**WORK TO BE COMPLETED**
Below are the entries; count how many lines contain the word "static" and reply with that number alone.

**RECORDS PROVIDED**

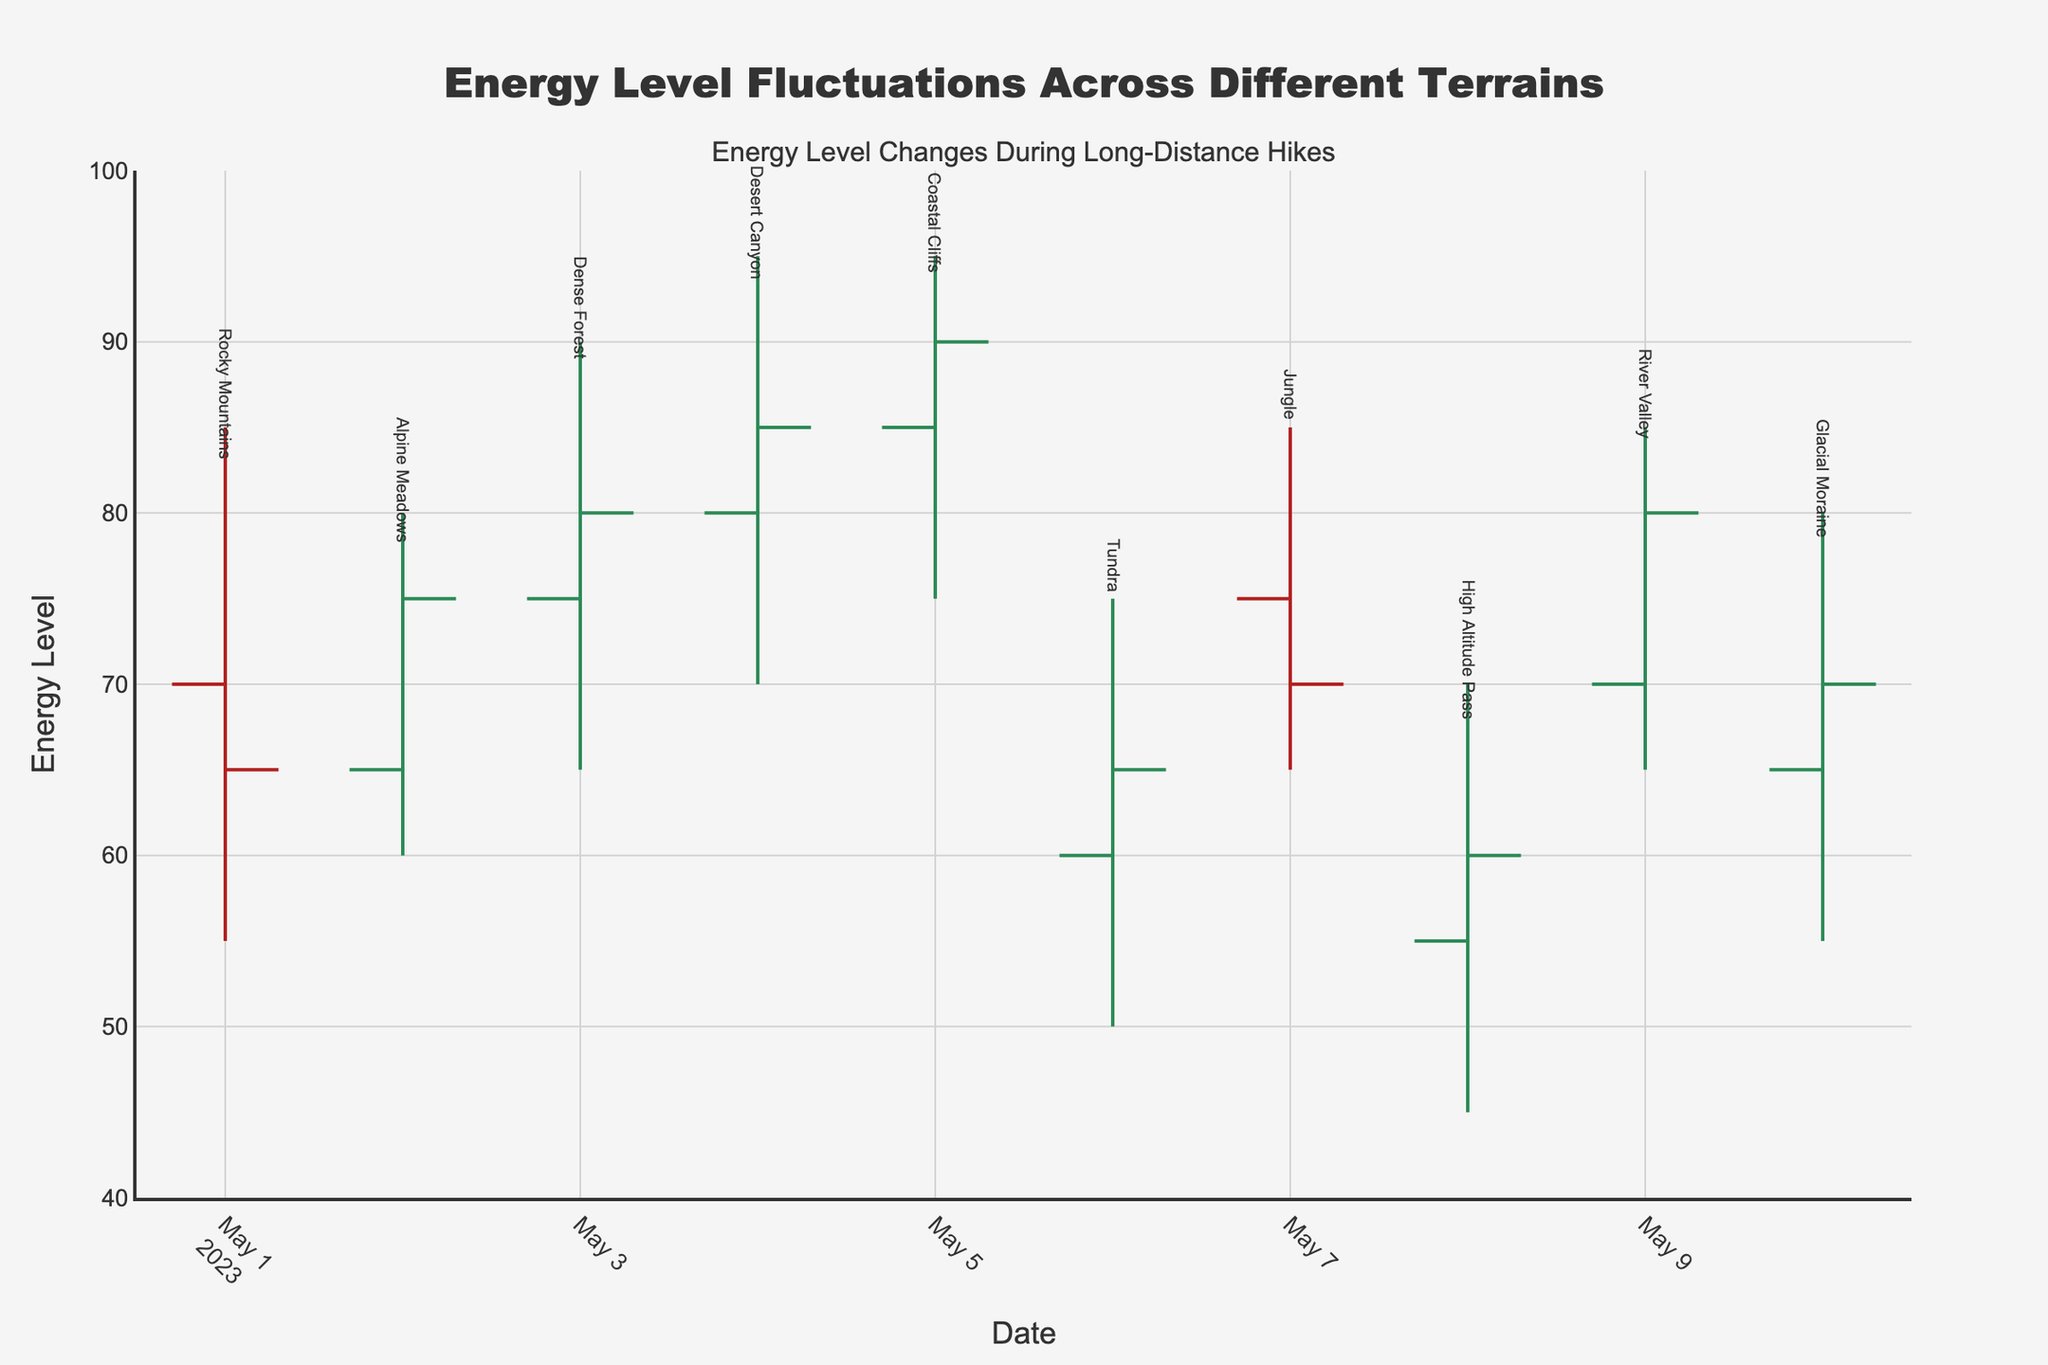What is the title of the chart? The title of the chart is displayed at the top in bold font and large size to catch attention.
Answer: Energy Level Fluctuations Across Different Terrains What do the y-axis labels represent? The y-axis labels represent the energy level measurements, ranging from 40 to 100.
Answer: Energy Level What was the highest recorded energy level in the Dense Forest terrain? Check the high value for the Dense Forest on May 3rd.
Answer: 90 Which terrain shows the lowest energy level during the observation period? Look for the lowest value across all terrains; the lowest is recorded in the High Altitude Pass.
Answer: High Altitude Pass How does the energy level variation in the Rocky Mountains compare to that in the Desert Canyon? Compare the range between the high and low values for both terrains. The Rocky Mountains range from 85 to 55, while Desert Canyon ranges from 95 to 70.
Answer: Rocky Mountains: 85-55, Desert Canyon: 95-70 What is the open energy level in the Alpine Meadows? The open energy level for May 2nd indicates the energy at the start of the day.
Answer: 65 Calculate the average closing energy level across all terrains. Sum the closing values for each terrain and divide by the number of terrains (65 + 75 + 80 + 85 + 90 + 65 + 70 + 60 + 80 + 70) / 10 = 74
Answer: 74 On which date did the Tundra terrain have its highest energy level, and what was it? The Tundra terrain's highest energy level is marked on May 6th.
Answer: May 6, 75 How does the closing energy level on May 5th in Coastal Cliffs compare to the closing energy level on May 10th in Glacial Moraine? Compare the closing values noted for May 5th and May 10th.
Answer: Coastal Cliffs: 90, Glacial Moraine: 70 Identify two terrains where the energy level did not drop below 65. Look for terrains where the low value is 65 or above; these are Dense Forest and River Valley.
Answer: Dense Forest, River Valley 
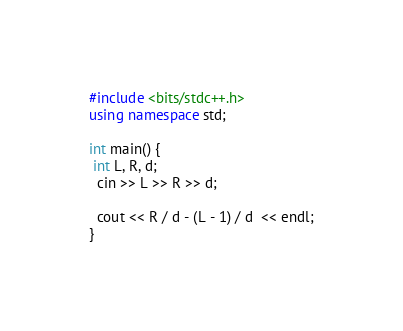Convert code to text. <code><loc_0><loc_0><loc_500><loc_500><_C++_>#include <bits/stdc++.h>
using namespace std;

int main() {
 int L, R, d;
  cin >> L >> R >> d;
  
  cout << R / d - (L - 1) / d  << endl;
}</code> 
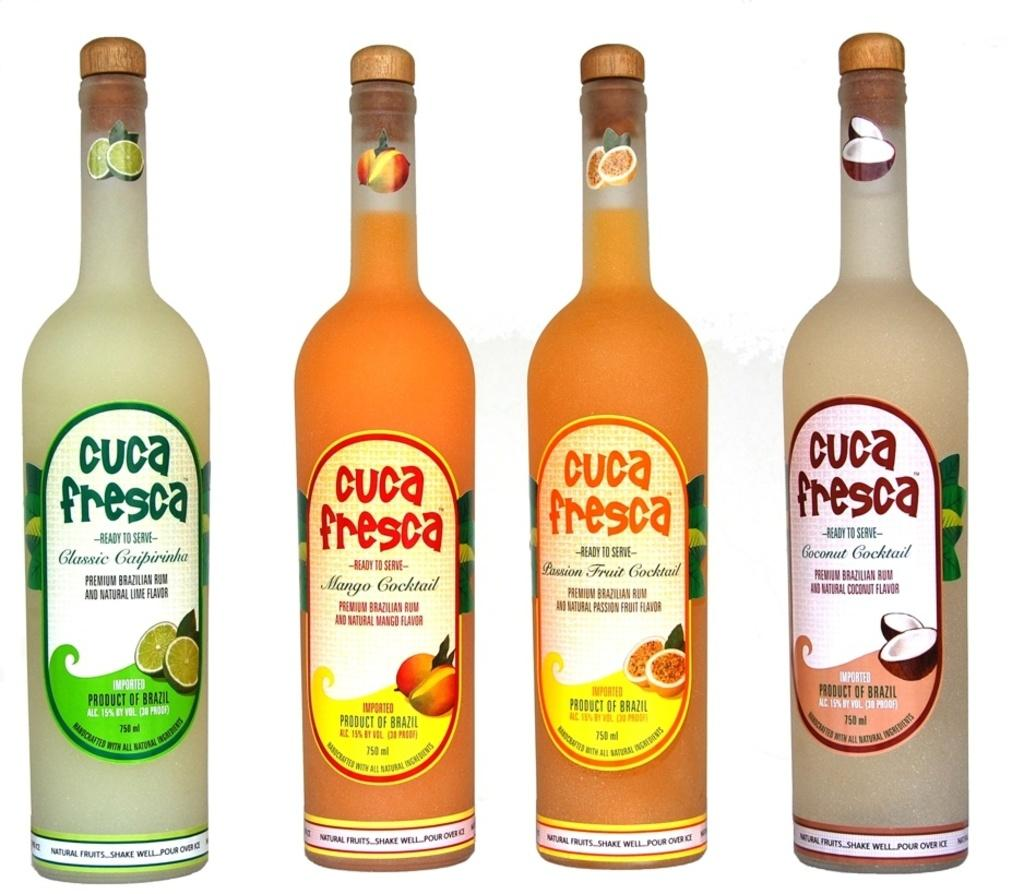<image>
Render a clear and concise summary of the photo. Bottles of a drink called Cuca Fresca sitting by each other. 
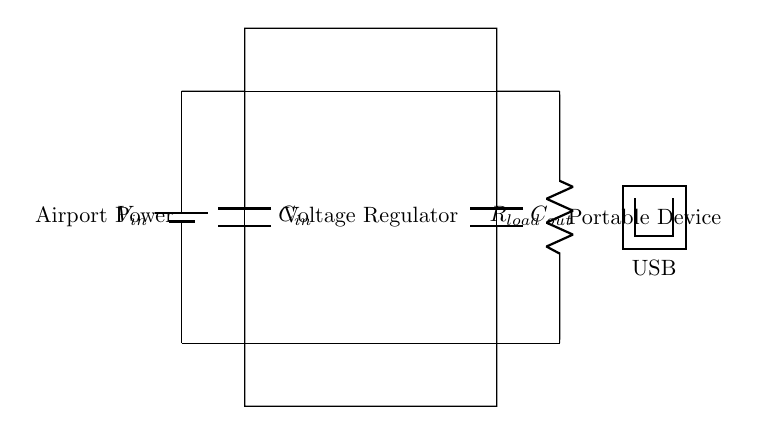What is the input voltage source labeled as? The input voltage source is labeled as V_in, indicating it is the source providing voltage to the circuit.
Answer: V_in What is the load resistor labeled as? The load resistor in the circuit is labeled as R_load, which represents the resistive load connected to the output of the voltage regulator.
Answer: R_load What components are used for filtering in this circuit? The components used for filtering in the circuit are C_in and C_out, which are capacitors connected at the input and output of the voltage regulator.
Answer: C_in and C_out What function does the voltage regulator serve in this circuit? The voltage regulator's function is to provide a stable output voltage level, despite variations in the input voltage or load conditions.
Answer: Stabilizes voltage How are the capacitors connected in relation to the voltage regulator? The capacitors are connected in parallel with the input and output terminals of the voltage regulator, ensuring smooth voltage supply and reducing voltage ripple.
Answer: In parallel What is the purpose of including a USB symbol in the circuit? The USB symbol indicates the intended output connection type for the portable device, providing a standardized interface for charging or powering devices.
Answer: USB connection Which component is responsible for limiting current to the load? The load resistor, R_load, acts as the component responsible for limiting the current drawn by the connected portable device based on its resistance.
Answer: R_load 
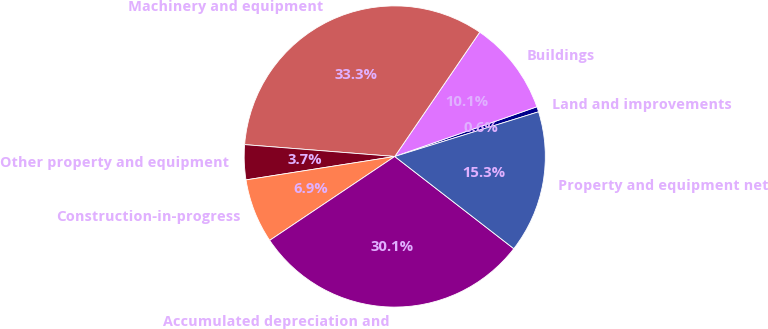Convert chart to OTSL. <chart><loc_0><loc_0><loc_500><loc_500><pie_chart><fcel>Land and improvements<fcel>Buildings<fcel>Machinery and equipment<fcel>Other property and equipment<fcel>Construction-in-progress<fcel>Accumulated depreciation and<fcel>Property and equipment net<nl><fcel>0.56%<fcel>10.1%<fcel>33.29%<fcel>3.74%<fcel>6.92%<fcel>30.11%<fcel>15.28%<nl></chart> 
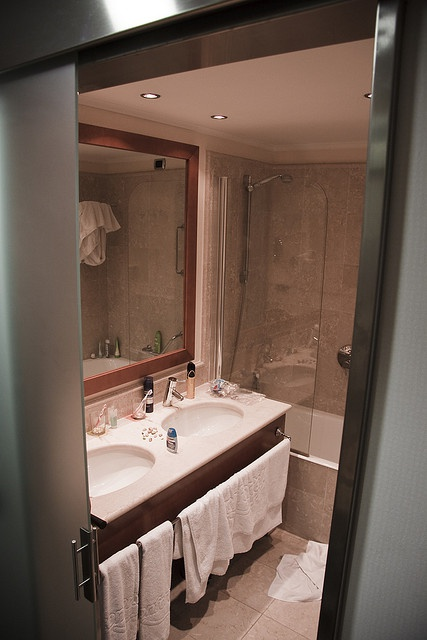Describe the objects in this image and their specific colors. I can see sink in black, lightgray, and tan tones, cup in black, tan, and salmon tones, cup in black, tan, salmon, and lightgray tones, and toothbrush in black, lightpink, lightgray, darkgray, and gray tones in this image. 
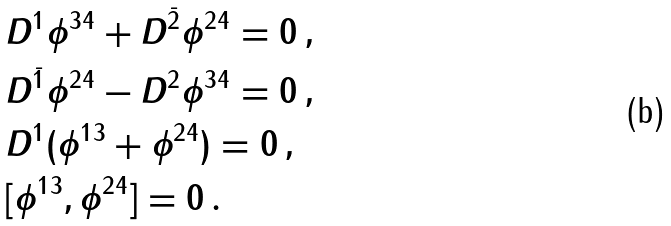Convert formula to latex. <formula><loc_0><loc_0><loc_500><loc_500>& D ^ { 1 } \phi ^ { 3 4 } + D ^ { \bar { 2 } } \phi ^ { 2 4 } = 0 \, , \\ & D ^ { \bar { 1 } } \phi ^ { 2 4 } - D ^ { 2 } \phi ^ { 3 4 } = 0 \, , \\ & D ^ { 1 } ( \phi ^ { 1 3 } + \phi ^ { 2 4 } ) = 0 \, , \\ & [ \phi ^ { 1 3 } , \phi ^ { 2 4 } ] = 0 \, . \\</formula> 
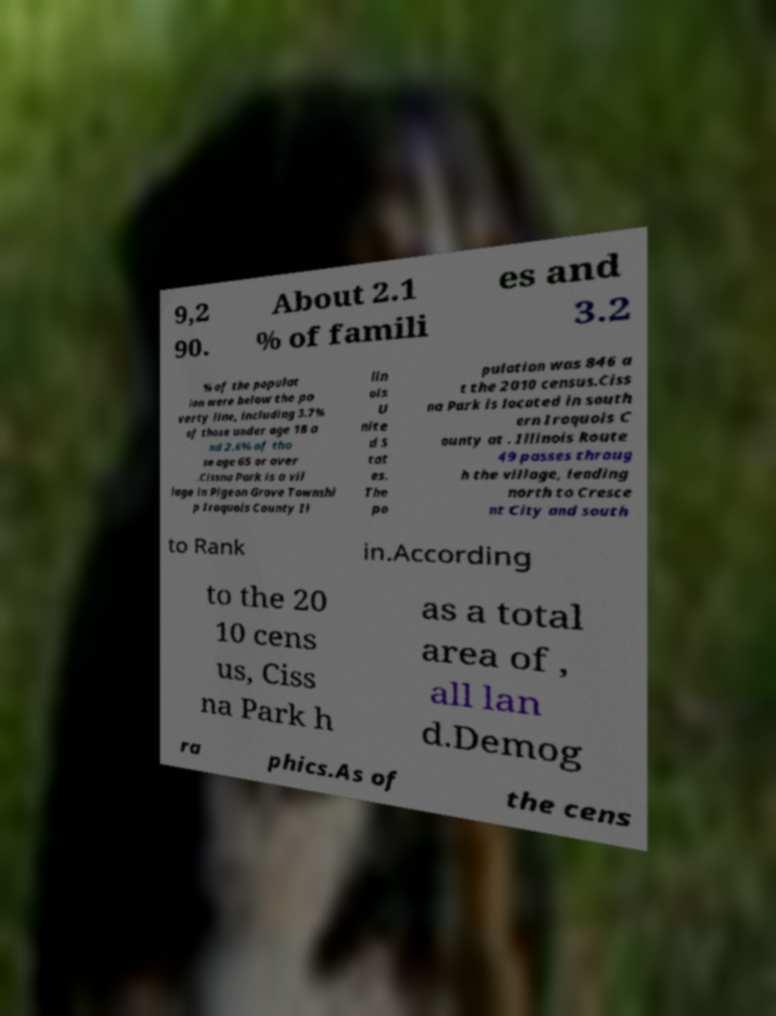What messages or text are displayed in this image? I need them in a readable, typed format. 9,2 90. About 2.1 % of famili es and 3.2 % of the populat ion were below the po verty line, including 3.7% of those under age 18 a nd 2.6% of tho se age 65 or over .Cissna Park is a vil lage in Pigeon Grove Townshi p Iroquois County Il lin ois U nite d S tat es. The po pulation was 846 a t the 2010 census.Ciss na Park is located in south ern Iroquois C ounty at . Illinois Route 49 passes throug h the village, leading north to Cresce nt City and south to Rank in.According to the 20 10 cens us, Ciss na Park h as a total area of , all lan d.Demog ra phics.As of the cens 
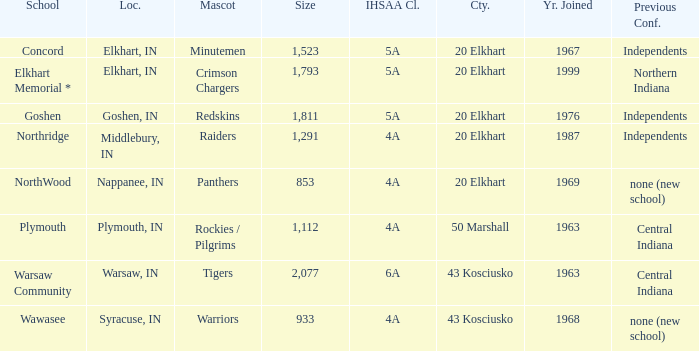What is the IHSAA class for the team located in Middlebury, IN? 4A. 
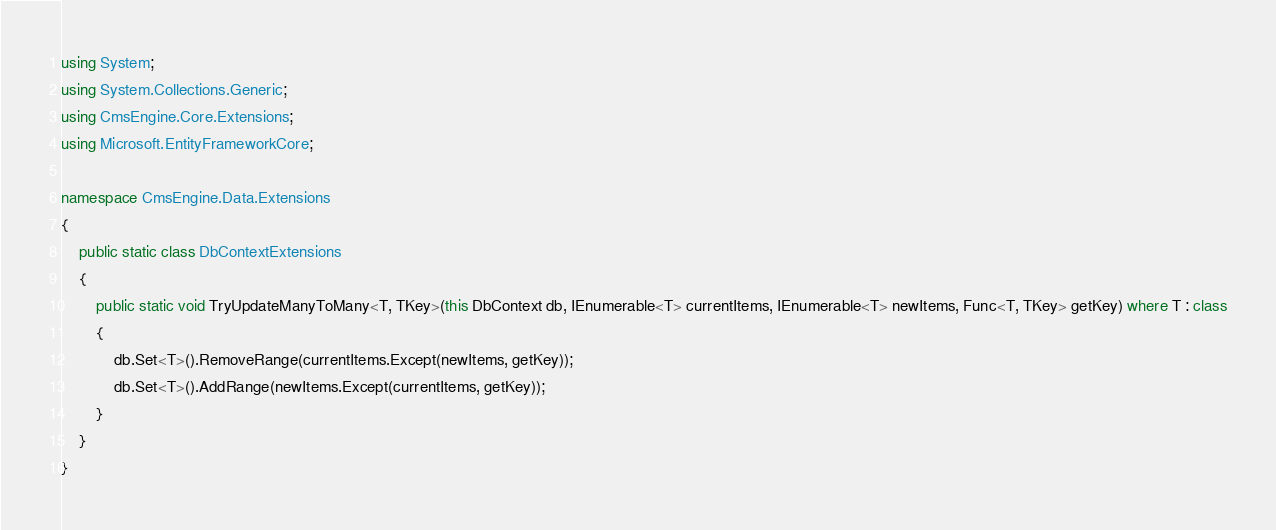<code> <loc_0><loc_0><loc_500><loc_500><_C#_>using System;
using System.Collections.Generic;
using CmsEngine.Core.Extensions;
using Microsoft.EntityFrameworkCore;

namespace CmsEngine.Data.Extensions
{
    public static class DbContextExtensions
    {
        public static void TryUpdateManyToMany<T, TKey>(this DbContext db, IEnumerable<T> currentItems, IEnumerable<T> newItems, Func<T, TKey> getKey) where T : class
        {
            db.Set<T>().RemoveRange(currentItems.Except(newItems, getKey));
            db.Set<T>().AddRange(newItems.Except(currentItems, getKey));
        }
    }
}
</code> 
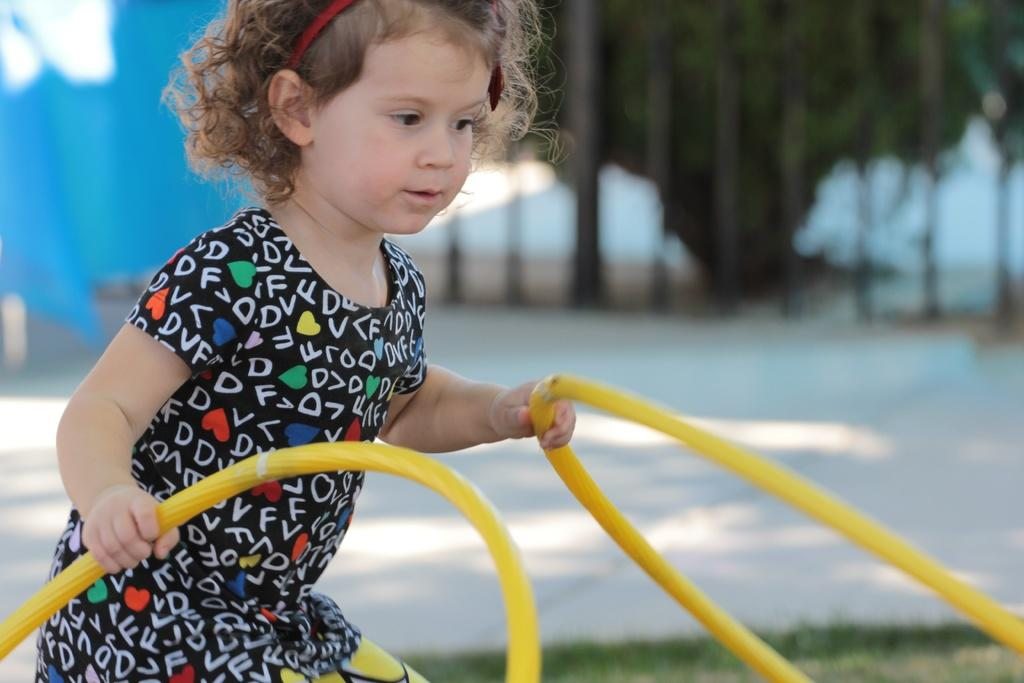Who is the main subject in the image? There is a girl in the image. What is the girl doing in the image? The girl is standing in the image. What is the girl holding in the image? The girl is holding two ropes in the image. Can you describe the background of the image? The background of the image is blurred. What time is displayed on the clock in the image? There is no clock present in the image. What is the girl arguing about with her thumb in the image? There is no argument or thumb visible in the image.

**SOLUTION BELOW**
2